Germany: How I Do It Gastric Cancer Gastrectomy and D2 Lymphadenectomy

This video describes a gastrectomy for gastric adenocarcinoma at the front wall of the stomach. The location is clearly outlined in the video. The first step includes gastric resection with the adjacent D1-lymphnodes. Then D2-lymphadenectomy is added starting from the hepatoduodenal ligament. The reconstruction is performed by a Roux en-Y loop as end- to- side esophago-jejunostomy by a single stich hand-sewn anastomosis. The final anastomosis is performed in a similar fashion as end-to-side jejuno-jejunostomy.

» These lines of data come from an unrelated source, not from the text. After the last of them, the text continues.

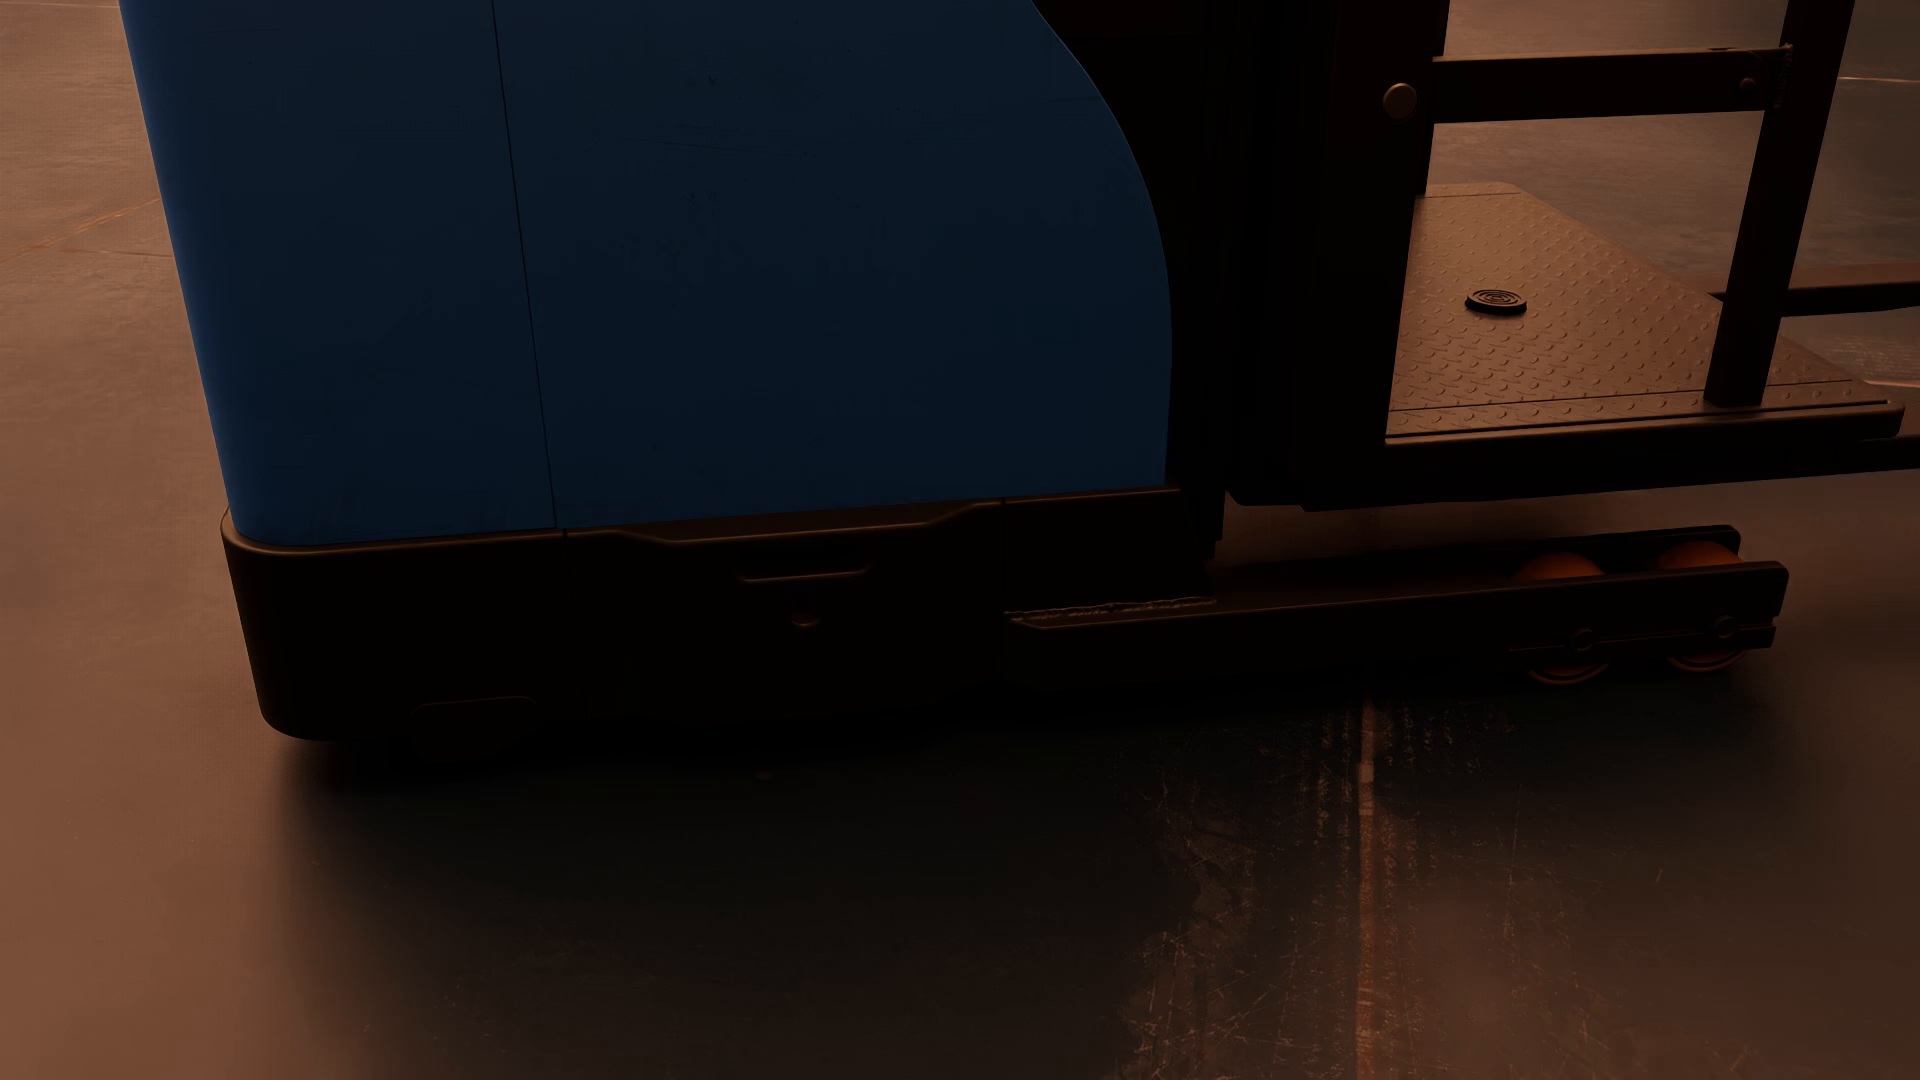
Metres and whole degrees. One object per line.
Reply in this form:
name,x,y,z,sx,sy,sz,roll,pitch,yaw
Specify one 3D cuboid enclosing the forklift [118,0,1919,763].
forklift,0.600,-1.354,1.930,3.031,2.935,1.130,-4,27,-9
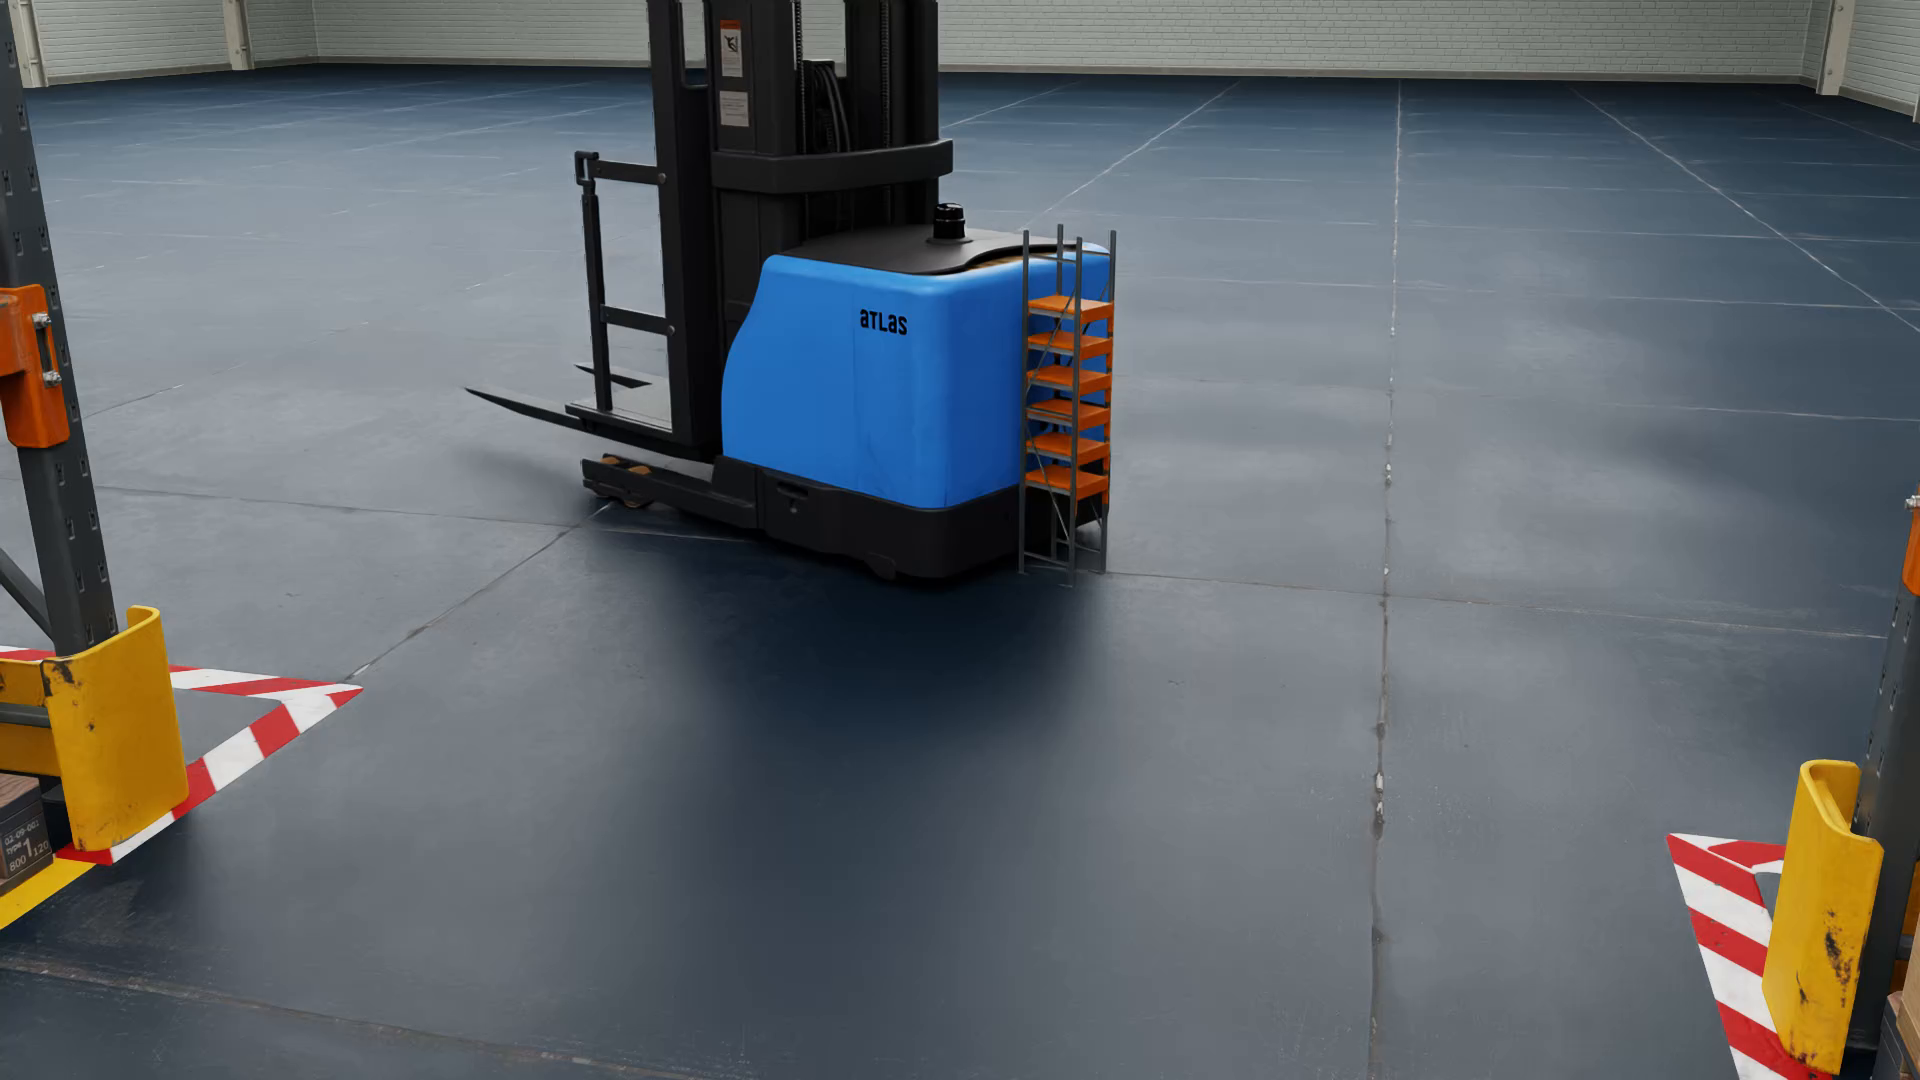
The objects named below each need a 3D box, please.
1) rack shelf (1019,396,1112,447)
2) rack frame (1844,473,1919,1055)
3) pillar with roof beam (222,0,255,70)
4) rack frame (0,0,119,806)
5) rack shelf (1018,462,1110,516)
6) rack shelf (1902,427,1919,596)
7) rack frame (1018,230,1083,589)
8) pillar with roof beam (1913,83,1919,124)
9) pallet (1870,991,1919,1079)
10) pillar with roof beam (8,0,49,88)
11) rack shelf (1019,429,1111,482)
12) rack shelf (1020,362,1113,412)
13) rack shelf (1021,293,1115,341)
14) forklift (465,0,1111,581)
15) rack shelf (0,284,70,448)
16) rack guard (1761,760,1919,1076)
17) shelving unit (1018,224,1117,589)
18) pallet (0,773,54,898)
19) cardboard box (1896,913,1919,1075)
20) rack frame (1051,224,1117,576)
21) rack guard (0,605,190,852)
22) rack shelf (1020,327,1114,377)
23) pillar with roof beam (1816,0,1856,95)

Contributed to the SSAT International Relations Committee
"How I Do It" Video Series: Gastric Cancer by:
Prof. Dr. med. Ernst Klar
Direktor der Abteilung für Allgemeine, Thorax-, Gefäß- und Transplantationschirurgie,
Universität Rostock, Rostock, Germany




SSAT International Relations Committee "How I Do It" Series Gastric Cancer Summary

This video describes a gastrectomy for gastric adenocarcinoma at the front wall of the stomach. The location is clearly outlined in the video. The first step includes gastric resection with the adjacent D1-lymphnodes. Then D2-lymphadenectomy is added starting from the hepatoduodenal ligament. The reconstruction is performed by a Roux en-Y loop as end-to-side esophago-jejunostomy by a single stich hand-sewn anastomosis. The final anastomosis is performed in a similar fashion as end-to-side jejuno-jejunostomy.

Jiping Wang, MD, PHD, of Brigham & Womens Hospital in Boston, MA provides a summary of the Society for Surgery of the Alimentary Tract International Relations Committee "How I Do It" Series Gastric Cancer edition.